Indonesia dan Tanzania memiliki sejarah hubungan bilateral yang baik. Indonesia membuka perwakilan diplomatiknya di Dar es Salaam sejak 1964. Sementara itu, kepentingan Tanzania di Indonesia dirangkap dari High Commission di Kuala Lumpur. Bapak bangsa Indonesia dan Tanzania, Presiden Soekarno dan Presiden Julius K. Nyerere, merupakan tokoh Gerakan Non-Blok. Hubungan kedua negara semakin erat dengan kunjungan kepala negara yaitu pada:
 
- Kunjungan Presiden Julius K. Nyerere ke Indonesia pada 8 Oktober 1981;
- Kunjungan Presiden Ali Hassan Mwinyi ke Indonesia pada 3 Maret 1987;
- Kunjungan Presiden Soeharto ke Dar es Salaam pada 5 Desember 1991;
 
PERDAGANGAN DAN EKONOMI
 
Di sektor ekonomi, kerjasama kedua negara menitikberatkan sektor pertanian.
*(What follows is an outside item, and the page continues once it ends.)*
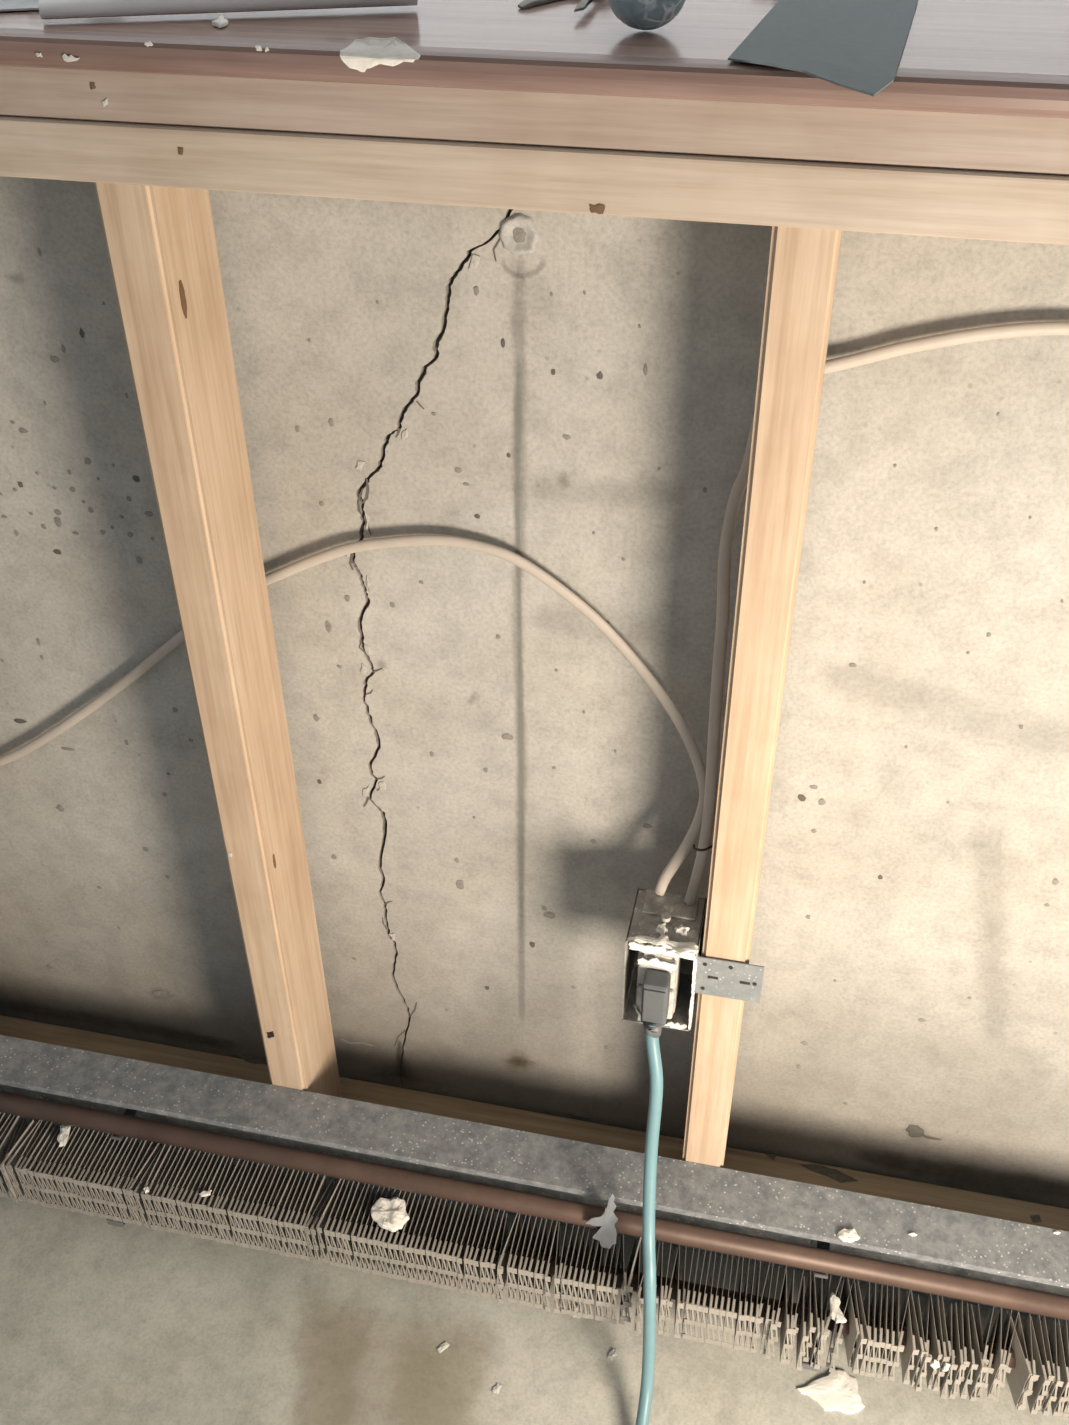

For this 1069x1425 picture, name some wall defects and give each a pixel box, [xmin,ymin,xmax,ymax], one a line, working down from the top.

Indonesia mendirikan Farmer's Agriculture and Rural Training Centre (FARTC) di Mkindo, Morogoro, Tanzania pada 1996 dimana para ahli pertanian Indonesia memfasilitasi pelatihan bagi petani Tanzania. Pada 2004, kedua negara menandatangani MoU Establishment of a Joint Commission for Bilateral Cooperation yang kemudian dikenal dengan Indonesia-Tanzania Joint Agriculture Cooperation Committee (JACC), yang menjadi jembatan peningkatan kerjasama di bidang pertanian seperti pembinaan melalui pelatihan, penelitian bersama, dan ekspansi pasar produk pertanian.  Angka perdagangan dua negara belum mencerminkan pontensi nyata. Volume perdagangan kedua negara masih terbilang kecil dan pada umumnya dilakukan melalui pihak ketiga. Komoditas ekspor utama Indonesia ke Tanzania yaitu produk garmen, sabun, mie instan, alat tulis, mebel, dan pakaian. Komoditas impor Indonesia dari Tanzania yaitu kapas, kacang, buah-buahan dan produk pertanian lainnya.
 
SOSIAL-BUDAYA
 
Kedua negara telah mengembangkan hubungan bilateral di bidang sosial-budaya khususnya dalam sektor pendidikan dan pelatihan, di bawah skema Kerjasama South-South. Indonesia menyediakan pelatihan di bidang pertanian, perikanan, dan informasi teknologi untuk pegawai pemerintah dan akademisi. Setiap tahun pemerintah Indonesia juga menawarkan Dharmasiswa dan Developing Countries Partnership Program scholarship bagi mahasiswa Tanzania.